Иона-врач прожил в Мугрееве у князя Дмитрия Михайловича до половины лета. Лечил он Дмитрия Михайловича и Андреяна какими-то травами, которые сам собирал в окрестных полях и лесах. И на ранней заре и среди дня, а, случалось, и ночью мугреевские мужики и ребята встречали за селом у себя сухонького монаха с посошком и берестяной коробушкой. Бывало, наклонится монашек, сорвет былиночку, расправит ее, разглядит и в коробушку положит.

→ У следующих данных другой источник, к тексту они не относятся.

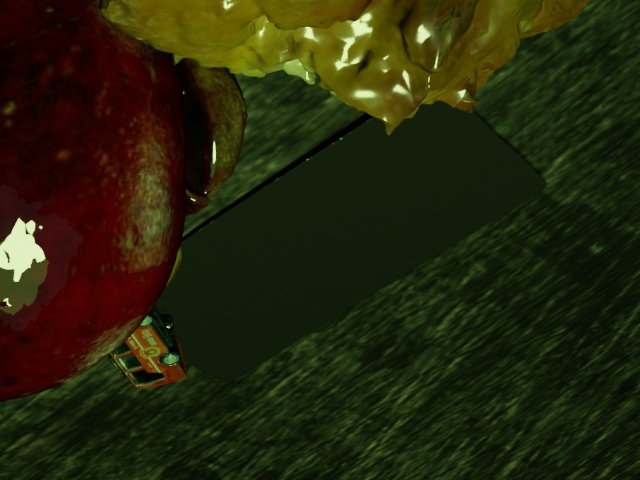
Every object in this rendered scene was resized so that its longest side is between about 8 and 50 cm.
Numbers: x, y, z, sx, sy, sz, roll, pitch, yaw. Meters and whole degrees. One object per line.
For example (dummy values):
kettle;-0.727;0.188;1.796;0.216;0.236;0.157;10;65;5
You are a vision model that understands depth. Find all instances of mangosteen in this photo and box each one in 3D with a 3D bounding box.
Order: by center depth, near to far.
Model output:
mangosteen;-0.135;-0.042;0.720;0.257;0.215;0.215;-18;153;-50

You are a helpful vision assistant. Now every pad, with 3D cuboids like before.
pad;0.000;0.000;1.008;0.265;0.009;0.159;-33;144;16

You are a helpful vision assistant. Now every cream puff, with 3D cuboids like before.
cream puff;0.020;-0.154;0.649;0.269;0.155;0.241;-40;133;-29

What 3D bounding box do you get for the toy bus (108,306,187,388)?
toy bus;-0.117;0.054;0.987;0.043;0.031;0.110;-20;144;4
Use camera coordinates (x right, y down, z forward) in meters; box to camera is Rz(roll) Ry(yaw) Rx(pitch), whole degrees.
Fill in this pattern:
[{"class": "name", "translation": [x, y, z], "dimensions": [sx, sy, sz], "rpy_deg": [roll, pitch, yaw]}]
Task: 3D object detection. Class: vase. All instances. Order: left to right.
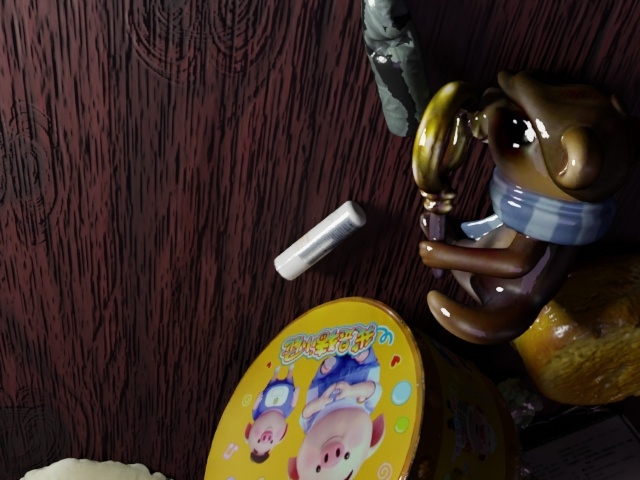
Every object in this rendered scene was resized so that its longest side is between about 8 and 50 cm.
[{"class": "vase", "translation": [0.078, -0.211, 0.823], "dimensions": [0.060, 0.060, 0.211], "rpy_deg": [-16, 131, 8]}]

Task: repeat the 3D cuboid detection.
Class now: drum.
[{"class": "drum", "translation": [0.044, 0.304, 1.047], "dimensions": [0.214, 0.431, 0.431], "rpy_deg": [34, 120, -31]}]

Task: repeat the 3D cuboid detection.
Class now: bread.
[{"class": "bread", "translation": [0.406, 0.137, 1.117], "dimensions": [0.269, 0.145, 0.268], "rpy_deg": [-2, 135, -2]}]

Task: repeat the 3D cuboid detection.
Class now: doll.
[{"class": "doll", "translation": [0.237, -0.045, 0.921], "dimensions": [0.318, 0.209, 0.339], "rpy_deg": [-21, 142, -33]}]

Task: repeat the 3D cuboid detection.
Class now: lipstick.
[{"class": "lipstick", "translation": [0.000, 0.000, 1.016], "dimensions": [0.141, 0.040, 0.040], "rpy_deg": [-38, 125, 24]}]

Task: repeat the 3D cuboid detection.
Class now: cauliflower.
[{"class": "cauliflower", "translation": [0.266, 0.298, 1.213], "dimensions": [0.256, 0.315, 0.238], "rpy_deg": [6, 116, 44]}]

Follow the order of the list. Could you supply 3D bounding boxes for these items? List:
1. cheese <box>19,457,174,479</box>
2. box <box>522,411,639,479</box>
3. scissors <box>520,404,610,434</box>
[{"class": "cheese", "translation": [-0.394, 0.536, 1.371], "dimensions": [0.332, 0.153, 0.292], "rpy_deg": [13, 129, -19]}, {"class": "box", "translation": [0.424, 0.451, 1.344], "dimensions": [0.333, 0.145, 0.173], "rpy_deg": [-18, 140, -11]}, {"class": "scissors", "translation": [0.411, 0.326, 1.370], "dimensions": [0.220, 0.017, 0.088], "rpy_deg": [-20, 133, 12]}]

Вся горница у Ионы-врача в мугреевских хоромах Пожарского была увешана пучками шалфея, дикой мяты, укропа, повилики, мака, полыни, ромашки, чемерицы, волкобоя, сон-травы. Они лежали грудками и на подоконниках и на столе. Сладкий, немного дурманящий дух шел из горницы Ионы-врача; и от самого Ионы приятно пахло — пахло полем, лугом, лесом, землей, когда она вся в цвету.

Из трав этих Иона готовил отвары, настойки, бальзамы и мази. Князь Дмитрий Михайлович и Андреян принимали из рук Ионы лекарства и делали всё, как наказывал Иона-врач.

В июне зацвела липа, цвел тысячелистник, лиловые колокольчики покачивались на легком ветру по бережку речки Лух. К этому времени князь, припадая на одну ногу, уже выходил в сад. Андреян, с зажившим на лице шрамом, подолгу сиживал теперь у раскрытого в избе окошка.

Однажды князь, издали заметив Андреяна, подошел к окну. Андреян хотел было встать, но Дмитрий Михайлович не дал ему этого сделать.

— Сиди, сиди, Андреян, — сказал ему Пожарский. — Сиди уж! Ну, как у тебя, Андреянушка, боевой мой товарищ?

— Слава богу, — ответил Андреян. — Затянулись, зажили мои раны. Поздорову ли у тебя, князь Дмитрий Михайлович?

— И я не больно жалуюсь, Андреян. Хоть и прихрамываю, а — видишь? — ногами шевелю. Поставил-таки меня на ноги Иона-врач!

— Поставил, князь Дмитрий Михайлович! Спасибо ему! Знающий монах. Ведает, какая к чему трава идет, какую когда срывать, какой травой когда пользовать. Не будь Ионы — не сидел бы я теперь у окошка, а лежал в сырой земле.

— Верно, Андреян! — заметил князь. — Это верно. Ну, а как с твоим Сенькой? Неужто ничего?

В избе, в темном углу за печкой, кто-то всхлипнул. Это Арина, когда Дмитрий Михайлович неожиданно вырос у нее под окном, в испуге забилась туда. И она заплакала тихо и протяжно, едва Дмитрий Михайлович спросил о Сеньке.

У Арины в душе была своя рана, которую никакими травами не залечил бы и Иона-врач…

Но вот и липа отцвела, начала земляника созревать… Князь Дмитрий Михайлович расхаживал по двору с Федосом Ивановичем, заглядывая в амбары и сараи… Андреян посылал бубенщика под Шую на ярмарку прикупить чего-нибудь из инструмента, потребного по кузнечному ремеслу. А Иона-врач стал собираться в дорогу.